From Incest to Athletics – It’s All Undignified in Rome

Cornelius Nepos, Lives (Preface):

But there will probably be those who, having no knowledge of Greek literature, will think that nothing is right unless it accords with their own customs. If they learn that the same things do not seem either right or wrong to all people, but that all things are judged by the precedent of one’s ancestors, they will not wonder that we have followed Greek customs in explaining Greek virtues. For it was not reckoned shameful for Cimon, a man of the highest reputation among the Athenians, to have married his very own sister, especially since many of his fellow citizens did the same thing. But indeed, that is considered unspeakably bad according to our ways.

In Crete, it is considered high praise for a young man to have as many lovers as possible.
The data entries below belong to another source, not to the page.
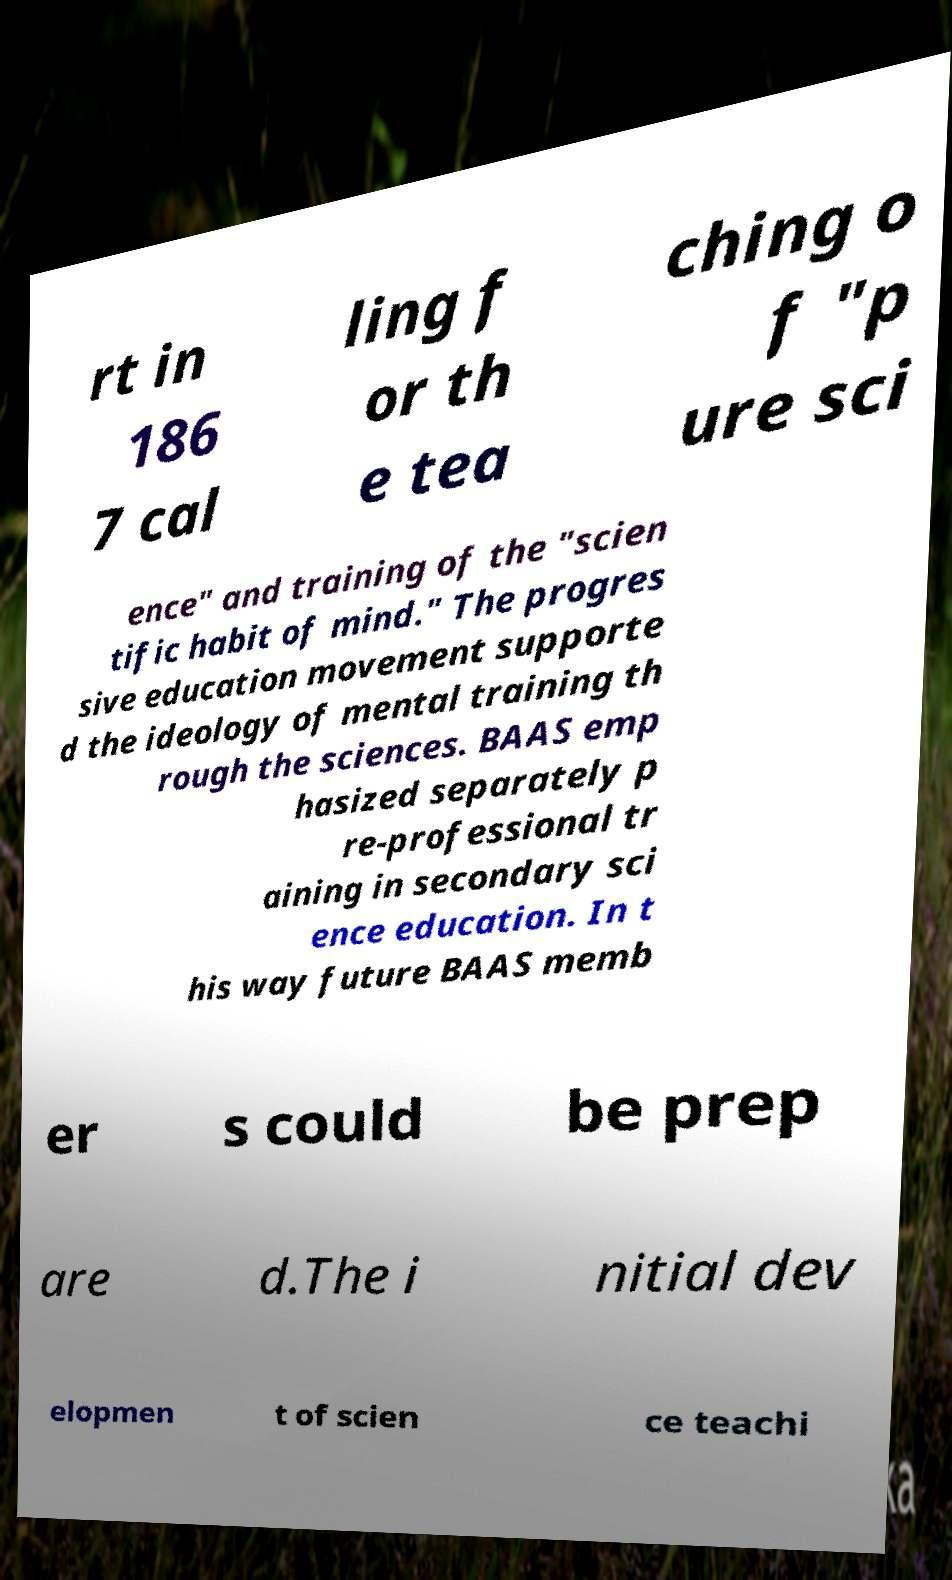I need the written content from this picture converted into text. Can you do that? rt in 186 7 cal ling f or th e tea ching o f "p ure sci ence" and training of the "scien tific habit of mind." The progres sive education movement supporte d the ideology of mental training th rough the sciences. BAAS emp hasized separately p re-professional tr aining in secondary sci ence education. In t his way future BAAS memb er s could be prep are d.The i nitial dev elopmen t of scien ce teachi 
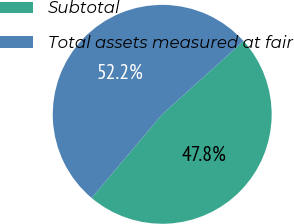Convert chart to OTSL. <chart><loc_0><loc_0><loc_500><loc_500><pie_chart><fcel>Subtotal<fcel>Total assets measured at fair<nl><fcel>47.83%<fcel>52.17%<nl></chart> 
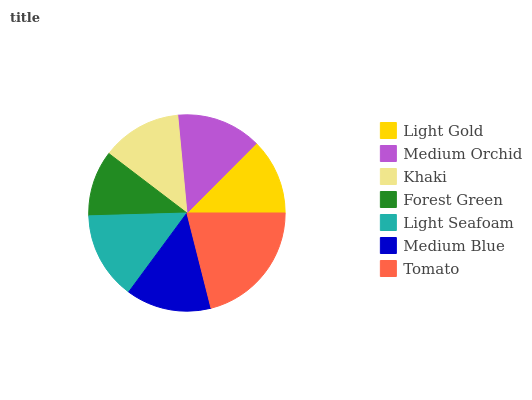Is Forest Green the minimum?
Answer yes or no. Yes. Is Tomato the maximum?
Answer yes or no. Yes. Is Medium Orchid the minimum?
Answer yes or no. No. Is Medium Orchid the maximum?
Answer yes or no. No. Is Medium Orchid greater than Light Gold?
Answer yes or no. Yes. Is Light Gold less than Medium Orchid?
Answer yes or no. Yes. Is Light Gold greater than Medium Orchid?
Answer yes or no. No. Is Medium Orchid less than Light Gold?
Answer yes or no. No. Is Medium Orchid the high median?
Answer yes or no. Yes. Is Medium Orchid the low median?
Answer yes or no. Yes. Is Tomato the high median?
Answer yes or no. No. Is Khaki the low median?
Answer yes or no. No. 
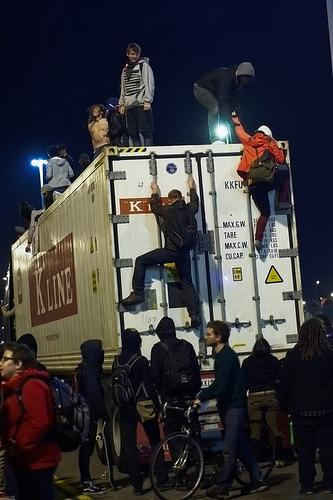Describe a person who stands out in the image due to their appearance. A shirtless man with long hair is standing on top of the truck. What is an unusual place for a group of people to be found in this image? A group of people is standing on top of a truck. Mention an object in the image that's not being used by any person. There's a yellow hazard label with a black triangle and a rectangular sticker next to it. Briefly narrate the scene that includes a man and a bike in the image. A man wearing jeans is holding a bicycle while pushing it through the area. What is a prominent logo or sign seen in the image? A red company logo can be seen on the side of the truck. Identify an unusual accessory that someone has, and describe it. A person with a black shirt is holding a skateboard, along with sporting a book bag. State a unique clothing item worn by one of the individuals in the image. There's a woman in a red jacket wearing a backpack. Choose a man from the image to describe his hair, outfit, and what he is doing. A man with short hair is wearing a black and gray jacket while standing on top of a truck. Mention an interesting action performed by a person in the image. A person in an orange jacket is climbing onto a truck. Describe the clothing of the person with the most vibrant outfit in the image. A girl in an orange jacket is wearing brown pants, engaging in climbing onto a truck. 
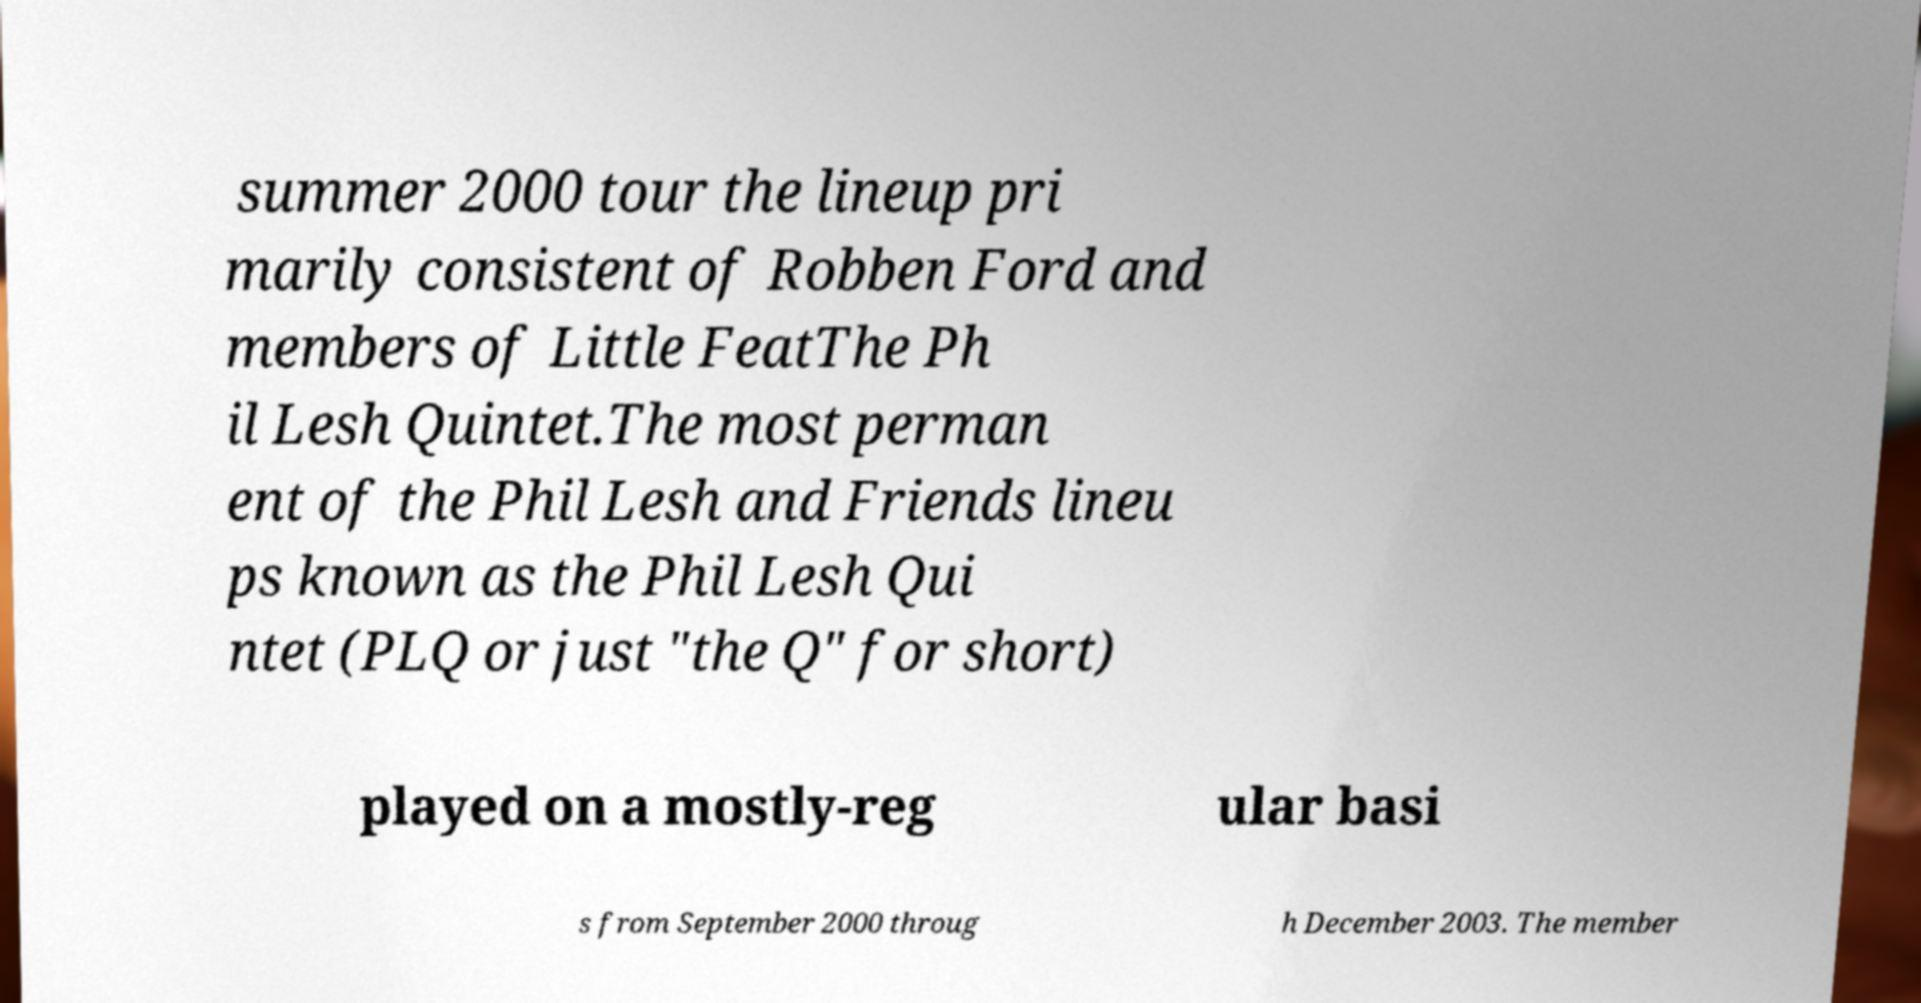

There is no widow in Sparta so noble that she would not take a fee and go to the mistress of the bawdy house. In all of Greece, it was a great honor to be named the victor in Olympia; at the same time, they considered it no shame to get onto the stage and become a spectacle for all. But among us, all of these things are in some way disreputable, in some way undignified, and removed entirely from nobility.

Sed hi erunt fere, qui expertes litterarum Graecarum nihil rectum, nisi quod ipsorum moribus conveniat, putabunt. Hi si didicerint non eadem omnibus esse honesta atque turpia, sed omnia maiorum institutis iudicari, non admirabuntur nos in Graiorum virtutibus exponendis mores eorum secutos. Neque enim Cimoni fuit turpe, Atheniensium summo viro, sororem germanam habere in matrimonio, quippe cum cives eius eodem uterentur instituto. At id quidem nostris moribus nefas habetur. Laudi in Creta ducitur adulescentulis quam plurimos habuisse amatores. Nulla Lacedaemoni vidua tam est nobilis, quae non ad lenam eat mercede conducta. Magnis in laudibus tota fere fuit Graecia victorem Olympiae citari; in scaenam vero prodire ac populo esse spectaculo nemini in eisdem gentibus fuit turpitudini. Quae omnia apud nos partim infamia, partim humilia atque ab honestate remota ponuntur.